WHAT YOU WILL DO: Repeat exactly the lines from the one containing "Answer in list" through the last line of the records below, both included, and nothing else.

Dataset items:
========
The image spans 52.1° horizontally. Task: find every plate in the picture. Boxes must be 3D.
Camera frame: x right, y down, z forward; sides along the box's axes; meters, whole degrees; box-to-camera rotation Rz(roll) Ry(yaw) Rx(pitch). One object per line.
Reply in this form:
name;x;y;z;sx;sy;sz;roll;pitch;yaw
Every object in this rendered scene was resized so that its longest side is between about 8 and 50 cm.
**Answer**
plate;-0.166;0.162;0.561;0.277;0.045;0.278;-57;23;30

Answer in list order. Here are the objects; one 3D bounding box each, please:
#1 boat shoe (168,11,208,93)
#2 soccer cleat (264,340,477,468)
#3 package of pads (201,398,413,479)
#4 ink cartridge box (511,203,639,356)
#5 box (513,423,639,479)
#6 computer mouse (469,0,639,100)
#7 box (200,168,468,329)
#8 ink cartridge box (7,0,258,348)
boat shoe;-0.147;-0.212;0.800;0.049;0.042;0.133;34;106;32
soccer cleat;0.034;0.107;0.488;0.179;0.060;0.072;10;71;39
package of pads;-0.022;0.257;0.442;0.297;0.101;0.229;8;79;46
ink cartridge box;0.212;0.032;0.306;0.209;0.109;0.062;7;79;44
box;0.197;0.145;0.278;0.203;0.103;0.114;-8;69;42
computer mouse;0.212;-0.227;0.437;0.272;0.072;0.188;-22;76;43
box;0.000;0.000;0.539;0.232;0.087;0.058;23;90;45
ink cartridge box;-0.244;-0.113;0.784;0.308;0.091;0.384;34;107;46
========
ANSWER SECTION:
Answer in list order. Here are the objects; one 3D bounding box each, please:
#1 boat shoe (168,11,208,93)
#2 soccer cleat (264,340,477,468)
#3 package of pads (201,398,413,479)
#4 ink cartridge box (511,203,639,356)
#5 box (513,423,639,479)
#6 computer mouse (469,0,639,100)
#7 box (200,168,468,329)
#8 ink cartridge box (7,0,258,348)
boat shoe;-0.147;-0.212;0.800;0.049;0.042;0.133;34;106;32
soccer cleat;0.034;0.107;0.488;0.179;0.060;0.072;10;71;39
package of pads;-0.022;0.257;0.442;0.297;0.101;0.229;8;79;46
ink cartridge box;0.212;0.032;0.306;0.209;0.109;0.062;7;79;44
box;0.197;0.145;0.278;0.203;0.103;0.114;-8;69;42
computer mouse;0.212;-0.227;0.437;0.272;0.072;0.188;-22;76;43
box;0.000;0.000;0.539;0.232;0.087;0.058;23;90;45
ink cartridge box;-0.244;-0.113;0.784;0.308;0.091;0.384;34;107;46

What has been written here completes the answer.